My encounter with the sun pillar certainly fit the bill. In his book Awe: The New Science of Everyday Wonder and How It Can Transform Your Life, Keltner identifies nature as one of eight “wonders of life” that provoke awe as a response. Such wonders transform us, he explains, through the state of mental quietness that occurs when we’re struck with awe, opening our minds to what’s beyond the ego to experience heightened creativity, healthier bodies, and joy.

Sometimes nature has to shock us before we appreciate the opportunity to shed the persistence of egoic self-talk that holds us hostage. Cataclysmic events like wildfires and tsunamis that have devastating consequences leave us awe-struck with nature’s ferocious power.
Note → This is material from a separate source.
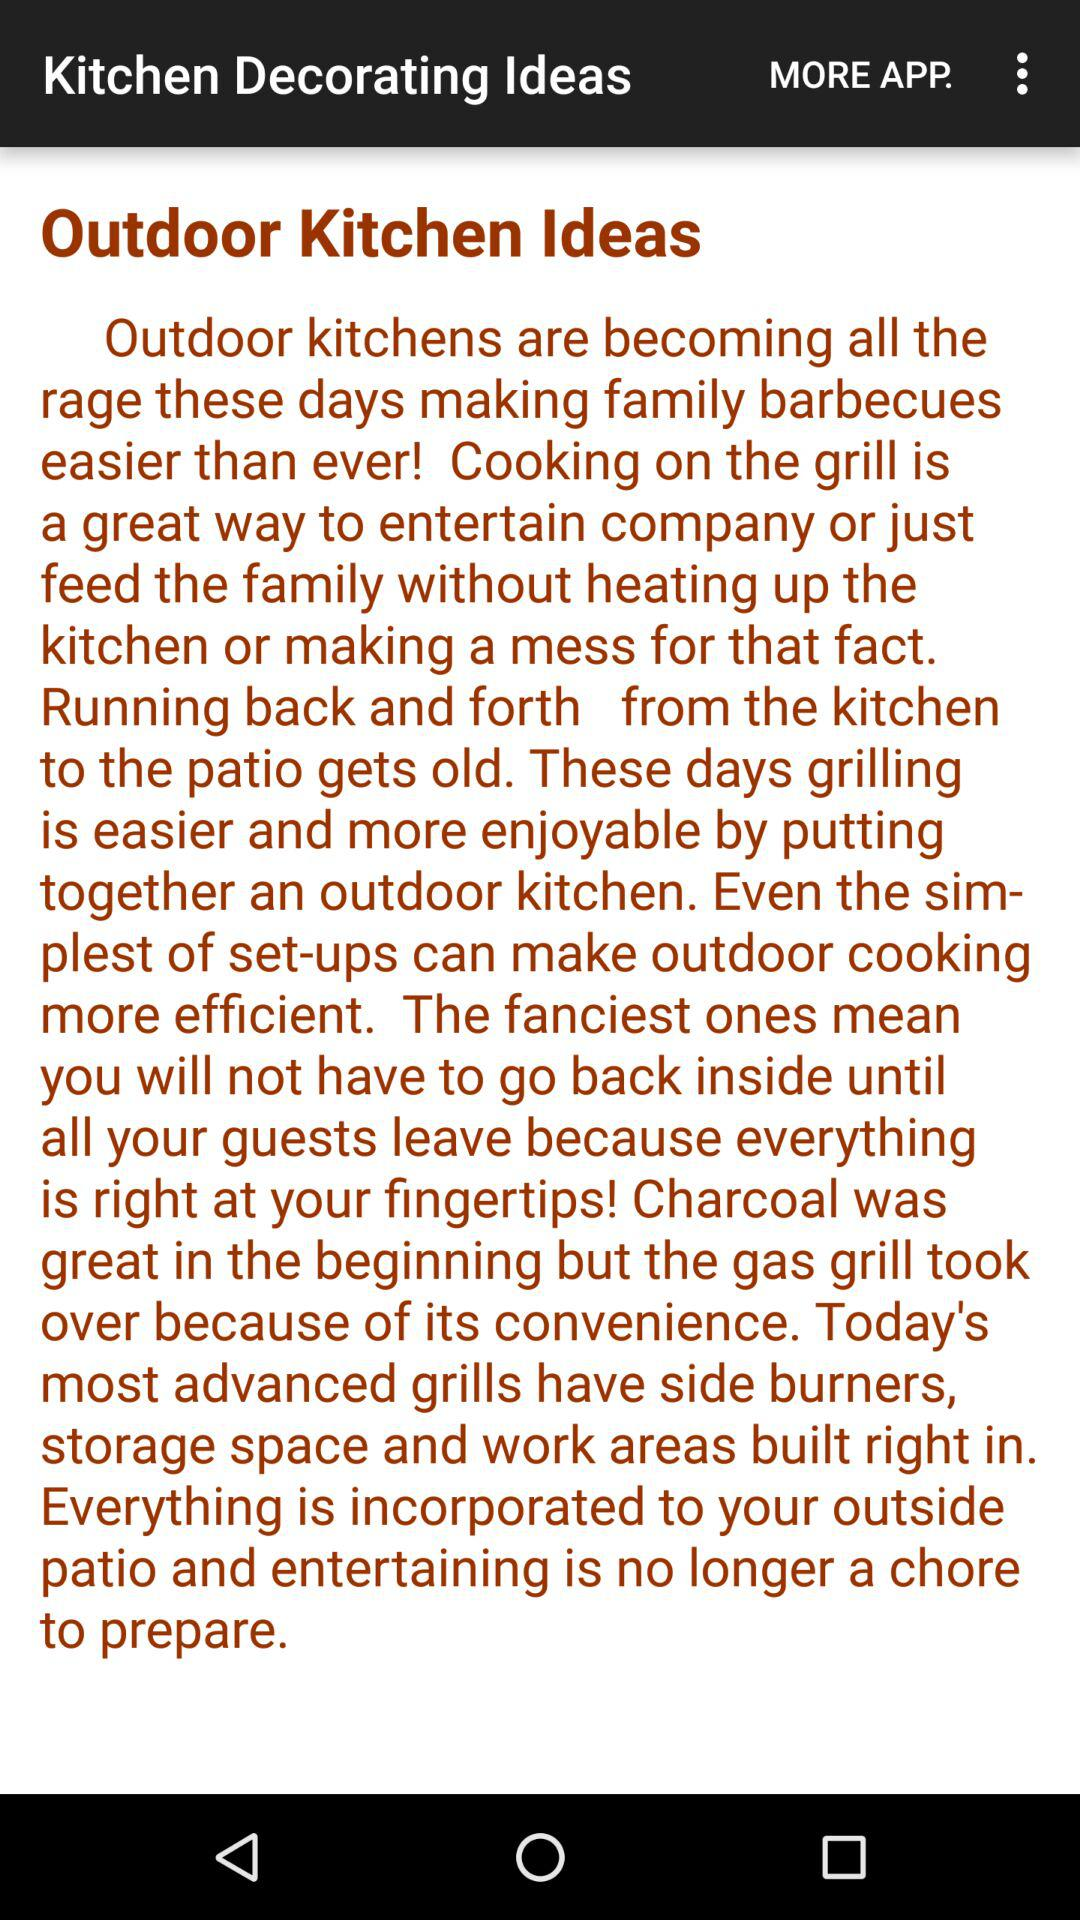What is the application name? The application name is "Kitchen Decorating Ideas".

We’re forced to confront our sense of invincibility, and examine our life choices and priorities.

But other natural events can have the opposite effect of evoking child-like wonder and delight. This is happening now where I live which is directly in the path of totality for the April solar eclipse. There’s a fervor that surrounds such cosmic events. We may understand the science behind eclipses and no longer fear them as signs of the apocalypse, but they still have the power to rivet us in wide-eyed astonishment. Watching the sun as it slowly disappears behind a black disc that seems to devour its light; feeling the temperature drop ever so slightly as daylight shifts to darkness, seeps into that part of us that shivers at strange noises or is afraid to look under the bed at night. Mystery is both frightening and titillating. We hold our breath as the sun is swallowed by the moon, and breathe out again in collective relief that we haven’t entered perpetual night. For a few precious minutes, we forget we’re rational beings and turn our faces to the sky, enthralled by magic. 

Wonder and delight are by-products of meeting awe in nature.  They are compelling emotions, ones that urge us to be completely present. The beauty of the natural world is that we don’t have to wait for an extraordinary event to surrender to the allure of awe. 
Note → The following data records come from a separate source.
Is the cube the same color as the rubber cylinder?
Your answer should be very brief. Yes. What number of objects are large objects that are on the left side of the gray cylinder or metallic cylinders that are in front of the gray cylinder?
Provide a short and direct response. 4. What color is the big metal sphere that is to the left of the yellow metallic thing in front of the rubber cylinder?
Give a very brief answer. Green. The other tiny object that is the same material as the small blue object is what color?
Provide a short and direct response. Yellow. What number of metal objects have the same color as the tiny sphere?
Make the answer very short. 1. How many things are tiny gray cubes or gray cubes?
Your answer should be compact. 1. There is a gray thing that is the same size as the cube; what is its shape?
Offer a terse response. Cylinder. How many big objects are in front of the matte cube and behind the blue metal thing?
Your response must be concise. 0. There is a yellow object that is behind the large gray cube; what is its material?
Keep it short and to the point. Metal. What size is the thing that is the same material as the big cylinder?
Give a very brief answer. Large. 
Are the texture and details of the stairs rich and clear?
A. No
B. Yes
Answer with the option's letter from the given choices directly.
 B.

Everyday wonder can enrapture us if we’re open to noticing. Right now, there are new green shoots pushing up through my neighbor’s garden beds on the verge of blossoming. Buds are thickening on barren branches, soon to shed their skins as new leaves unfurl. Birdsong wakes me in the morning to remind me that it’s spring regardless of what the thermostat says. In a matter of days or even hours, the world will revive; colors will be renewed. To miss these small, everyday transformations is to deprive ourselves of soul-nourishing joy.

There are simple ways that we can approach nature and embrace the blessing of awe in the everyday:

1. Spend a few minutes simply noticing the natural world around you. Make use of all your senses and see, hear, touch, and smell with deep attention.
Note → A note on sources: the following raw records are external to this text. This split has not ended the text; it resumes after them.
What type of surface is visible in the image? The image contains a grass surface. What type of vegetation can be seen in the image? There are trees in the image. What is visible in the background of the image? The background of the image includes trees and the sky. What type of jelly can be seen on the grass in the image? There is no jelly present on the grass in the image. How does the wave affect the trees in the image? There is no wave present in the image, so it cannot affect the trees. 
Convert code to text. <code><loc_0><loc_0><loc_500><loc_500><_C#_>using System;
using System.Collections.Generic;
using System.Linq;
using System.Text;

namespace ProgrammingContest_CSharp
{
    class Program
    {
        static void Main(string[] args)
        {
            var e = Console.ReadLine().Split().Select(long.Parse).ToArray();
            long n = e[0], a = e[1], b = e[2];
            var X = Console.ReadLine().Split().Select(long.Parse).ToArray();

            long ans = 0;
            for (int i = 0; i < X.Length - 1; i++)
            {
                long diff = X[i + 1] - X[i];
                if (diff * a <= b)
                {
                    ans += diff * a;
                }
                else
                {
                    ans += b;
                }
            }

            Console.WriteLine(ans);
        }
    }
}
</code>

2. Slow down to the pace of dawdling children. Everything captivates them: caterpillars, clouds, dandelion fluff–it’s easier to regain child-like wonder when you’re not racing to get somewhere.   

 3. Shift your measurement of time from the calendar to natures’ cycles. Embrace the Celtic Wheel of the Year which focuses on the life-generating processes of planting, growth, harvest, and decay. Living by the seasons can attune you more deeply to the earth’s rhythms and its infinite gifts of intrigue, mystery, and enchantment. 

 

Elle Harrigan hosts the Instagram community @livingwildwisdom focusing on mindfulness, creativity, and spirituality through encounters with nature.

3 Comments

  1. Marie E

    Each season brings some fleeting beauty I managed to forget during the intervening year – a flower, a leaf, an animal call, a different angle of shadow because of the position of the sun. Taking time to notice helps counter-balance the stress of (self-imposed) busyness.

    Reply
    • Elle Harrigan

      Thanks Marie! I really believe the simple act of noticing nature has the same benefits of sitting meditation. I always have to remind myself to “switch on” the noticing mind!

      Reply
  2. Terry

    Elle,

    Thanks for the suggestions of ways to embrace nature’s blessings.